Pienso en esto todo el tiempo, lo hablo, lo escribo, porque quiero convencerme de que mi madre cumplió consigo misma antes que con los demás o con las imposiciones de la sociedad. Quiero sentir que se fue realmente complacida con sus decisiones, con haber trabajado tanto por todos. Quiero sentir que su vida no fue solo nadar para morir en la orilla —aunque sé que a la larga, eso es la vida, una carrera constante hacia la muerte—. Quiero hacer las pases con mi madre, la mujer, y quedarme tranquila de una vez. Soltarla convencida de que vivió su vida.

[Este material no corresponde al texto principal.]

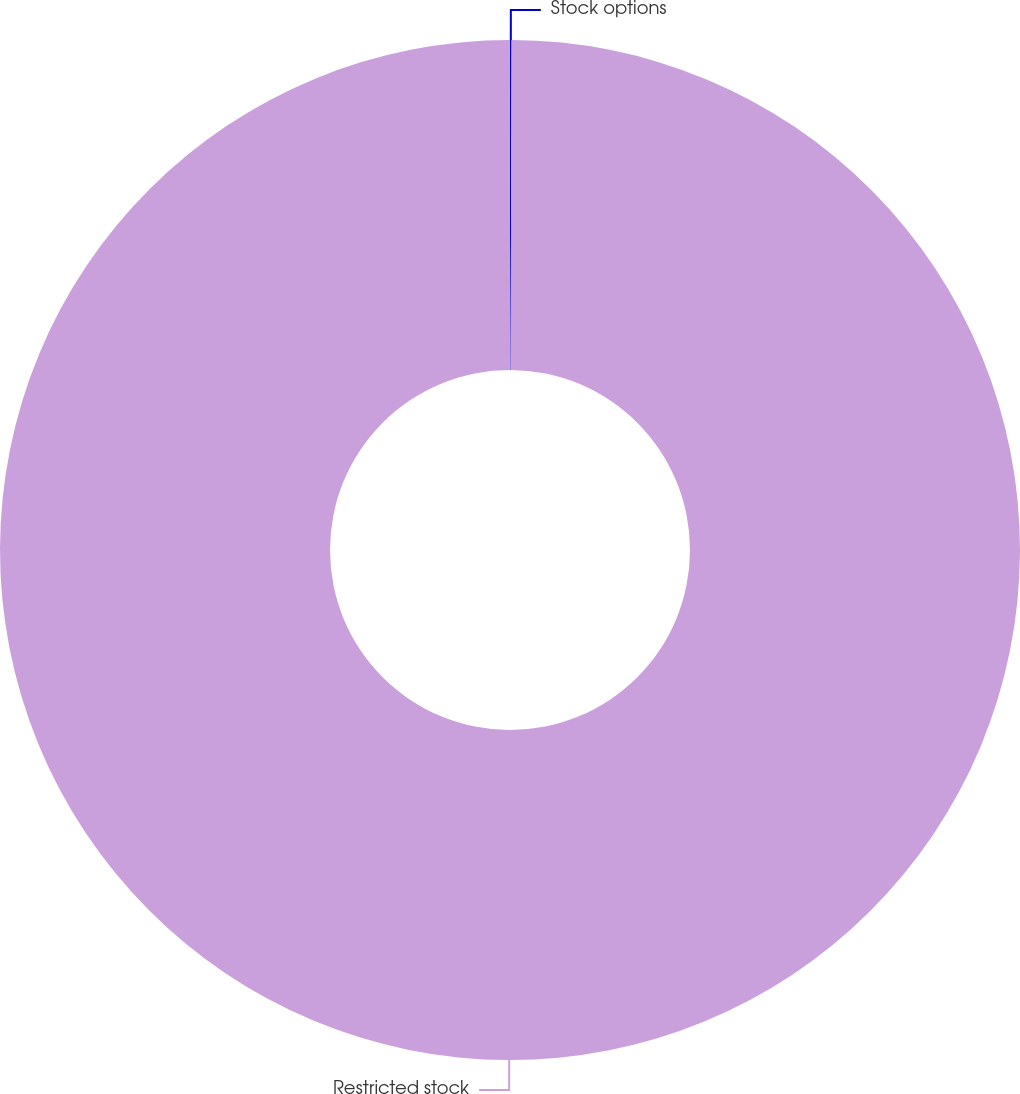<chart> <loc_0><loc_0><loc_500><loc_500><pie_chart><fcel>Stock options<fcel>Restricted stock<nl><fcel>0.05%<fcel>99.95%<nl></chart> 
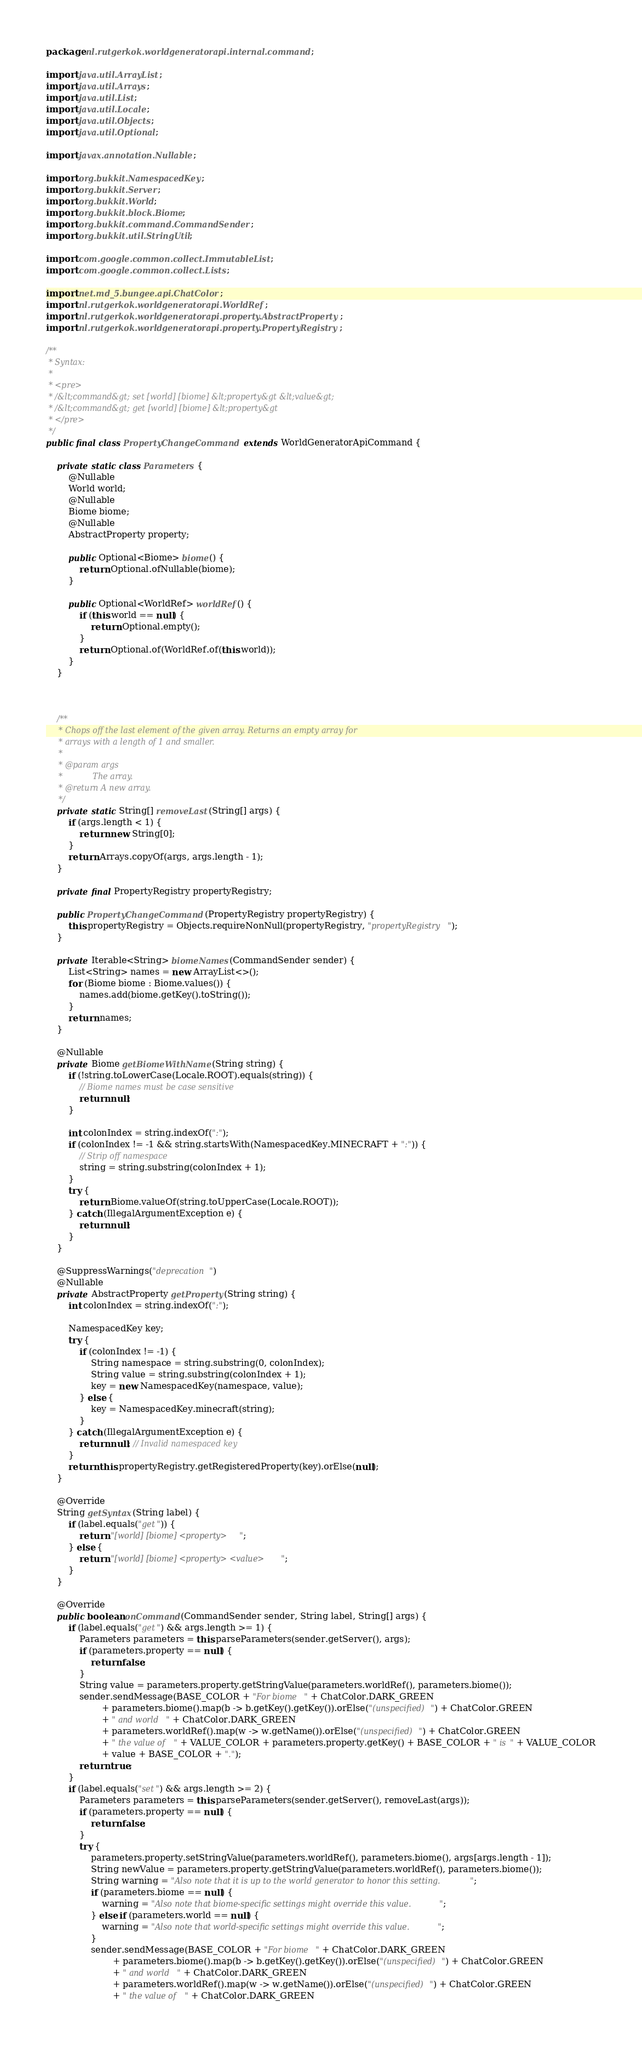Convert code to text. <code><loc_0><loc_0><loc_500><loc_500><_Java_>package nl.rutgerkok.worldgeneratorapi.internal.command;

import java.util.ArrayList;
import java.util.Arrays;
import java.util.List;
import java.util.Locale;
import java.util.Objects;
import java.util.Optional;

import javax.annotation.Nullable;

import org.bukkit.NamespacedKey;
import org.bukkit.Server;
import org.bukkit.World;
import org.bukkit.block.Biome;
import org.bukkit.command.CommandSender;
import org.bukkit.util.StringUtil;

import com.google.common.collect.ImmutableList;
import com.google.common.collect.Lists;

import net.md_5.bungee.api.ChatColor;
import nl.rutgerkok.worldgeneratorapi.WorldRef;
import nl.rutgerkok.worldgeneratorapi.property.AbstractProperty;
import nl.rutgerkok.worldgeneratorapi.property.PropertyRegistry;

/**
 * Syntax:
 *
 * <pre>
 * /&lt;command&gt; set [world] [biome] &lt;property&gt &lt;value&gt;
 * /&lt;command&gt; get [world] [biome] &lt;property&gt
 * </pre>
 */
public final class PropertyChangeCommand extends WorldGeneratorApiCommand {

    private static class Parameters {
        @Nullable
        World world;
        @Nullable
        Biome biome;
        @Nullable
        AbstractProperty property;

        public Optional<Biome> biome() {
            return Optional.ofNullable(biome);
        }

        public Optional<WorldRef> worldRef() {
            if (this.world == null) {
                return Optional.empty();
            }
            return Optional.of(WorldRef.of(this.world));
        }
    }



    /**
     * Chops off the last element of the given array. Returns an empty array for
     * arrays with a length of 1 and smaller.
     *
     * @param args
     *            The array.
     * @return A new array.
     */
    private static String[] removeLast(String[] args) {
        if (args.length < 1) {
            return new String[0];
        }
        return Arrays.copyOf(args, args.length - 1);
    }

    private final PropertyRegistry propertyRegistry;

    public PropertyChangeCommand(PropertyRegistry propertyRegistry) {
        this.propertyRegistry = Objects.requireNonNull(propertyRegistry, "propertyRegistry");
    }

    private Iterable<String> biomeNames(CommandSender sender) {
        List<String> names = new ArrayList<>();
        for (Biome biome : Biome.values()) {
            names.add(biome.getKey().toString());
        }
        return names;
    }

    @Nullable
    private Biome getBiomeWithName(String string) {
        if (!string.toLowerCase(Locale.ROOT).equals(string)) {
            // Biome names must be case sensitive
            return null;
        }

        int colonIndex = string.indexOf(":");
        if (colonIndex != -1 && string.startsWith(NamespacedKey.MINECRAFT + ":")) {
            // Strip off namespace
            string = string.substring(colonIndex + 1);
        }
        try {
            return Biome.valueOf(string.toUpperCase(Locale.ROOT));
        } catch (IllegalArgumentException e) {
            return null;
        }
    }

    @SuppressWarnings("deprecation")
    @Nullable
    private AbstractProperty getProperty(String string) {
        int colonIndex = string.indexOf(":");

        NamespacedKey key;
        try {
            if (colonIndex != -1) {
                String namespace = string.substring(0, colonIndex);
                String value = string.substring(colonIndex + 1);
                key = new NamespacedKey(namespace, value);
            } else {
                key = NamespacedKey.minecraft(string);
            }
        } catch (IllegalArgumentException e) {
            return null; // Invalid namespaced key
        }
        return this.propertyRegistry.getRegisteredProperty(key).orElse(null);
    }

    @Override
    String getSyntax(String label) {
        if (label.equals("get")) {
            return "[world] [biome] <property>";
        } else {
            return "[world] [biome] <property> <value>";
        }
    }

    @Override
    public boolean onCommand(CommandSender sender, String label, String[] args) {
        if (label.equals("get") && args.length >= 1) {
            Parameters parameters = this.parseParameters(sender.getServer(), args);
            if (parameters.property == null) {
                return false;
            }
            String value = parameters.property.getStringValue(parameters.worldRef(), parameters.biome());
            sender.sendMessage(BASE_COLOR + "For biome " + ChatColor.DARK_GREEN
                    + parameters.biome().map(b -> b.getKey().getKey()).orElse("(unspecified)") + ChatColor.GREEN
                    + " and world " + ChatColor.DARK_GREEN
                    + parameters.worldRef().map(w -> w.getName()).orElse("(unspecified)") + ChatColor.GREEN
                    + " the value of " + VALUE_COLOR + parameters.property.getKey() + BASE_COLOR + " is " + VALUE_COLOR
                    + value + BASE_COLOR + ".");
            return true;
        }
        if (label.equals("set") && args.length >= 2) {
            Parameters parameters = this.parseParameters(sender.getServer(), removeLast(args));
            if (parameters.property == null) {
                return false;
            }
            try {
                parameters.property.setStringValue(parameters.worldRef(), parameters.biome(), args[args.length - 1]);
                String newValue = parameters.property.getStringValue(parameters.worldRef(), parameters.biome());
                String warning = "Also note that it is up to the world generator to honor this setting.";
                if (parameters.biome == null) {
                    warning = "Also note that biome-specific settings might override this value.";
                } else if (parameters.world == null) {
                    warning = "Also note that world-specific settings might override this value.";
                }
                sender.sendMessage(BASE_COLOR + "For biome " + ChatColor.DARK_GREEN
                        + parameters.biome().map(b -> b.getKey().getKey()).orElse("(unspecified)") + ChatColor.GREEN
                        + " and world " + ChatColor.DARK_GREEN
                        + parameters.worldRef().map(w -> w.getName()).orElse("(unspecified)") + ChatColor.GREEN
                        + " the value of " + ChatColor.DARK_GREEN</code> 
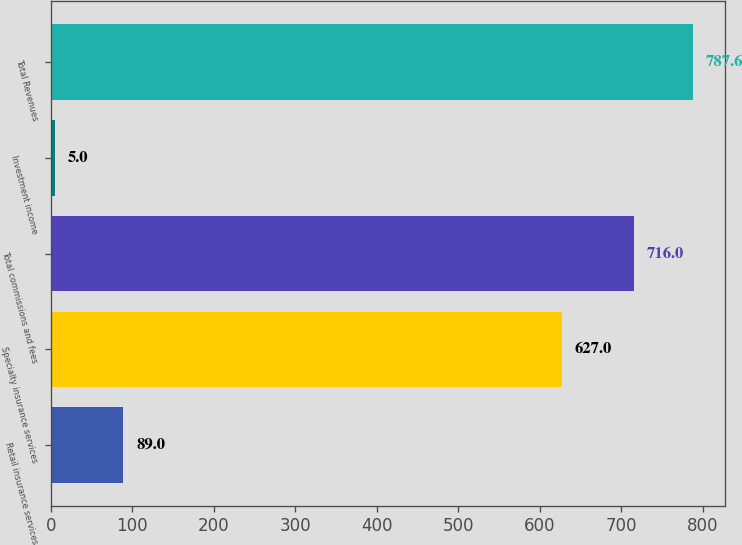<chart> <loc_0><loc_0><loc_500><loc_500><bar_chart><fcel>Retail insurance services<fcel>Specialty insurance services<fcel>Total commissions and fees<fcel>Investment income<fcel>Total Revenues<nl><fcel>89<fcel>627<fcel>716<fcel>5<fcel>787.6<nl></chart>

Mi esposo, que ha tenido que escuchar la historia muchas veces, me regaló un libro que incrementó mi reflexión sobre la cuestión y en el que en más de una ocasión nos vi retratadas a mi madre y a mi. Se trata de Apegos feroces, de la feminista Vivian Gornick, traducido por primera vez al español en 2017 y publicado por la editorial Sexto Piso. En este libro Gornick narra la relación que tiene con su madre y con otras mujeres cercanas y cómo esta determina su forma de estar en el mundo. Plantea la relación paradójica que a veces se puede llegar a tener con las madres, ese modelo que deseamos emular y a la vez deshacer para poder desarrollar y manifestar nuestro propio ser. Se recrea la lucha constante de una hija por validarse como mujer a pesar del vínculo, en cierto sentido, limitante que se llega a tener con la madre. Con este libro pude reconocer que yo también tuve un apego feroz con mami, pero además, con todo lo que he querido en la vida. Tal vez sea algo del carácter. O tal vez es que me parezco demasiado a mi madre.